プログラムで演出・構成の藤井君が「陽の柚希にあえて翳りのある男の芝居を」と言っていますが、私にとっては柚希礼音は翳を持ったキャラなので、その点は全然意外で無かったです。むしろ個性に合ってたんじゃないかと。「翳」の部分をクローズアップして「陽」一辺倒だと思っていた人に新たな魅力として認識してもらえれば、それは成功だったんじゃないかと。
しかし「かげ」が影でも陰でもなく「翳」なあたり、気が合いますな藤井君(笑)。

「翳」ともうひとつ、柚希礼音の男役としての資質について改めて思ったのが、彼はやっぱり「恋愛よりも大切なものがある」男が似合うのかなあと。
妻も子も愛している。それは本当。でもそれよりも己の魂の飢え、血潮のたぎりを止められない。
基本的に少年の部分を持ったままの男。少年の部分と言うのは、何だかわからない欠落感やここではないどこかへの憧れに突き動かされている、そんな感じの意味合い。
成人した男、妻子持ちに見えるかと言えば、ちゃんと見えます。大人だけれど、少年の孤独や欠落感を抱えたままの男。その「愛よりも大事なものがある」孤独感は翳りにつながり、女はそこに惹かれる、と言うような。
それが彼固有の個性なのか、それともまだ若さゆえでこれから変わるのか、それはまだわからないけれども。
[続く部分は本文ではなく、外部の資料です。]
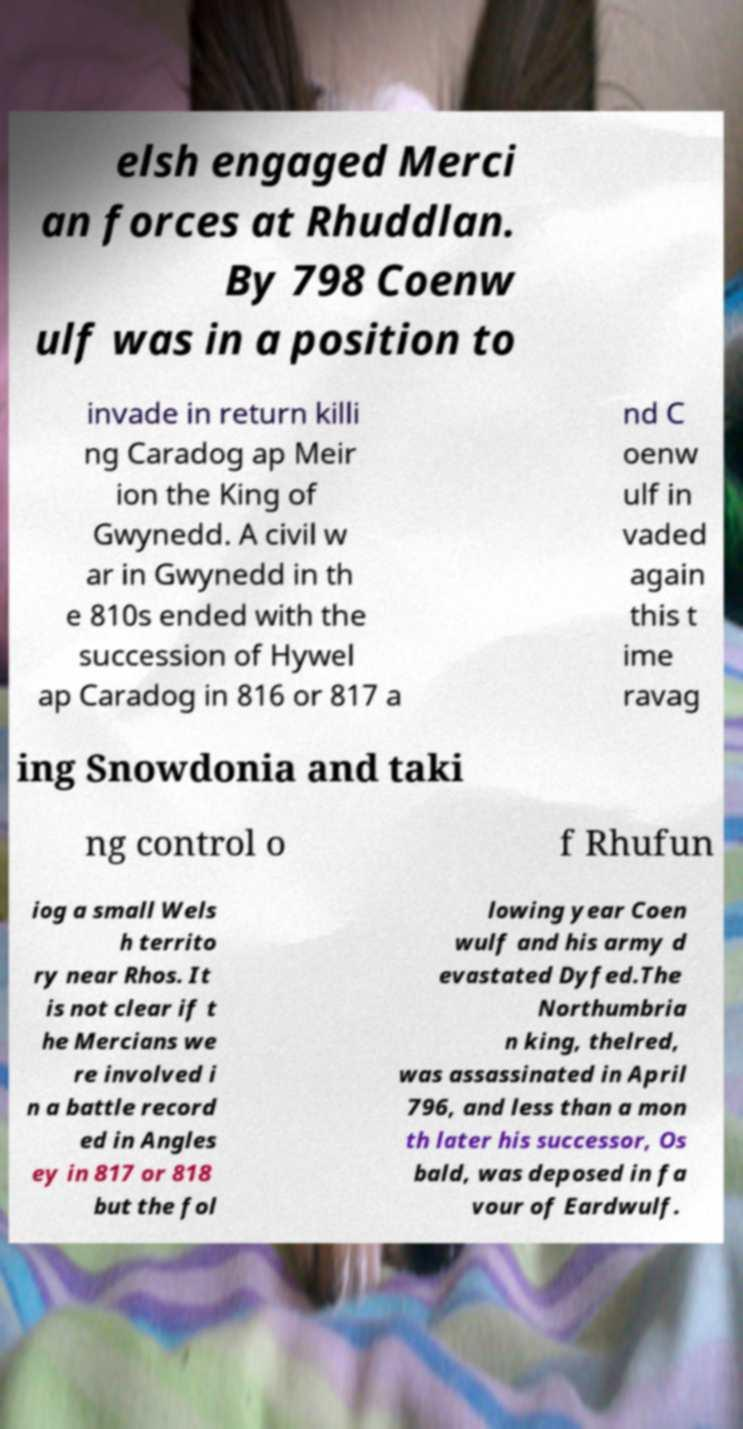Can you read and provide the text displayed in the image?This photo seems to have some interesting text. Can you extract and type it out for me? elsh engaged Merci an forces at Rhuddlan. By 798 Coenw ulf was in a position to invade in return killi ng Caradog ap Meir ion the King of Gwynedd. A civil w ar in Gwynedd in th e 810s ended with the succession of Hywel ap Caradog in 816 or 817 a nd C oenw ulf in vaded again this t ime ravag ing Snowdonia and taki ng control o f Rhufun iog a small Wels h territo ry near Rhos. It is not clear if t he Mercians we re involved i n a battle record ed in Angles ey in 817 or 818 but the fol lowing year Coen wulf and his army d evastated Dyfed.The Northumbria n king, thelred, was assassinated in April 796, and less than a mon th later his successor, Os bald, was deposed in fa vour of Eardwulf. 
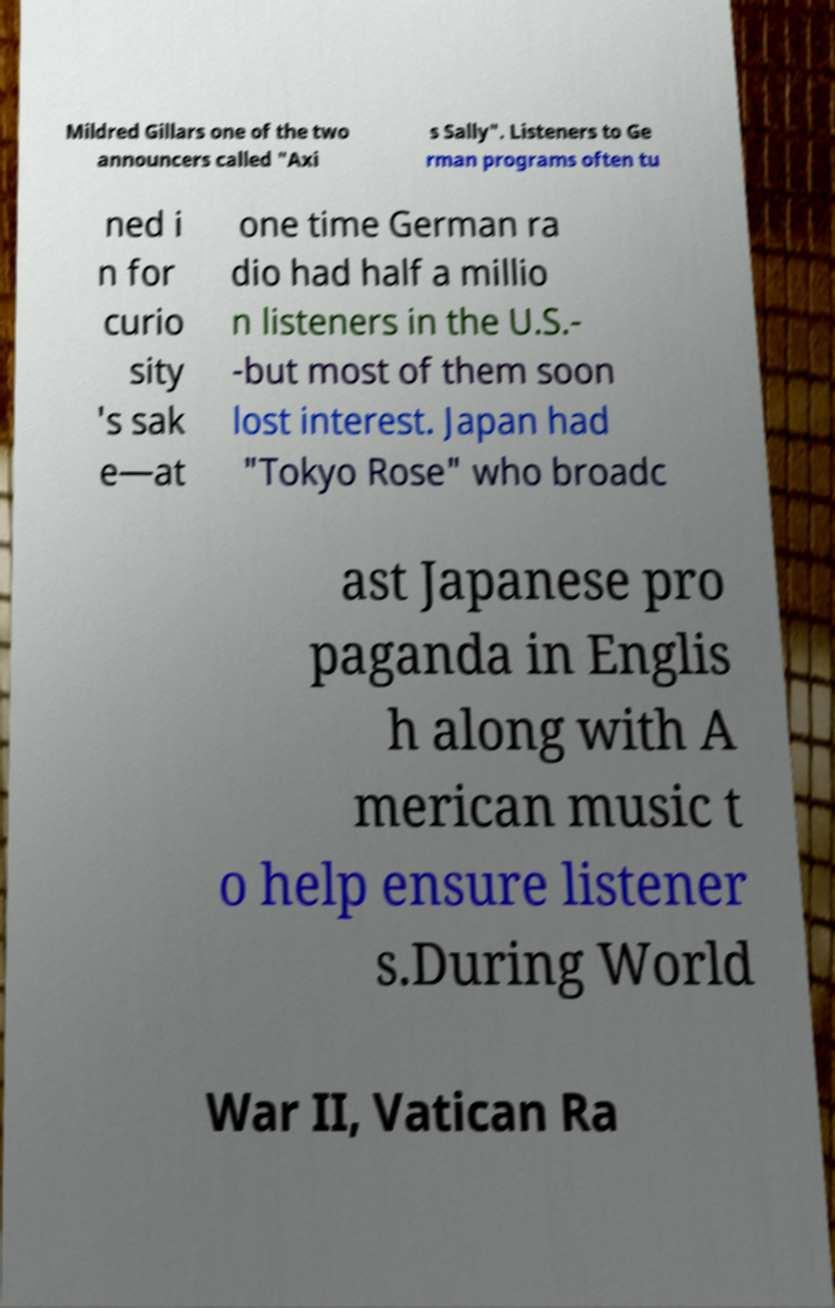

と言うようなことを『ベルばら』で書いたような気がしますが、やっぱり個性なのかも、と言う方に考えが傾きつつあります。うわなんかわかりやすく格好いい男だな。欠落と表裏一体の憧れを抱えた孤独な不良少年の魂。うまく伝われば人気出そうなキャラ。そして私のストライクゾーンからは微妙に外れる(笑)。

何故だか書き直す前より長くなってるんですが。
第2幕は次回(って、いつ?)。